§ **TASK DESCRIPTION**: Please filter the data below down to the lines holding the string "result".

§ **INPUT FOR THIS TASK**:
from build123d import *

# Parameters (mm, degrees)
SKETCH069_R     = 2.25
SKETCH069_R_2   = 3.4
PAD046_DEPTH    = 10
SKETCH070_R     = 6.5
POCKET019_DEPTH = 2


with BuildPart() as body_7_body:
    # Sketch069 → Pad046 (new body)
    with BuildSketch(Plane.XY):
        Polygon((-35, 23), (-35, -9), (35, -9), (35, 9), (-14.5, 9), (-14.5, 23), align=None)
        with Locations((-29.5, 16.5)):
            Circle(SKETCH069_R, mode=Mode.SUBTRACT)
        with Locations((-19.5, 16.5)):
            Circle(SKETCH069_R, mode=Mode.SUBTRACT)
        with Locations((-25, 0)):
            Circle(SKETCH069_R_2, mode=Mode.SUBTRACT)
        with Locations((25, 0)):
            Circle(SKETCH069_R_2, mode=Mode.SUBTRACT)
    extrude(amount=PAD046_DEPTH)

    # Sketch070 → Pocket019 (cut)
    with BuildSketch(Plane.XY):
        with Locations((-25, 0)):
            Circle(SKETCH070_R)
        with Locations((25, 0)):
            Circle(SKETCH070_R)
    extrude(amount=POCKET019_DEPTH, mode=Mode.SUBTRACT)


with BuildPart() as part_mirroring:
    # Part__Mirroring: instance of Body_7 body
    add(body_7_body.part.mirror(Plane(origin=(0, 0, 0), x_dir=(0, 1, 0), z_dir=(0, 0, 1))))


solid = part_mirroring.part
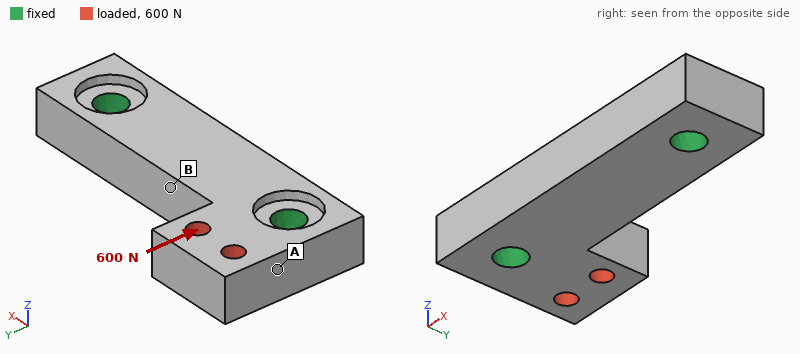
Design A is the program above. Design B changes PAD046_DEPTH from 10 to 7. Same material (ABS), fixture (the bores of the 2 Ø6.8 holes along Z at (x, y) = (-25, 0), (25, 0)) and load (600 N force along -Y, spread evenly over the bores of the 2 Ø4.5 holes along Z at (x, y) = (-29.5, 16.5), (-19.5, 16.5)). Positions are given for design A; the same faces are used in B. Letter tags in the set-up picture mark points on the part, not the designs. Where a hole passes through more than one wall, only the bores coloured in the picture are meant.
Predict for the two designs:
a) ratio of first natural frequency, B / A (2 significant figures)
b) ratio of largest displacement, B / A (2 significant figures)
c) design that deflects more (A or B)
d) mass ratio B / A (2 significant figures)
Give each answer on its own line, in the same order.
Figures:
0.73
2.1
B
0.69
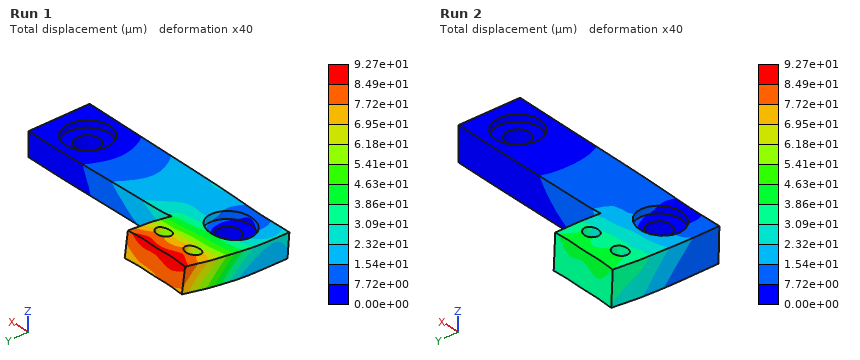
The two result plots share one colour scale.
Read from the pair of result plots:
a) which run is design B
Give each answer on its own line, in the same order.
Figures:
Run 1

§ **PROBLEM SOLUTION**:
The two result plots share one colour scale.
Read from the pair of result plots:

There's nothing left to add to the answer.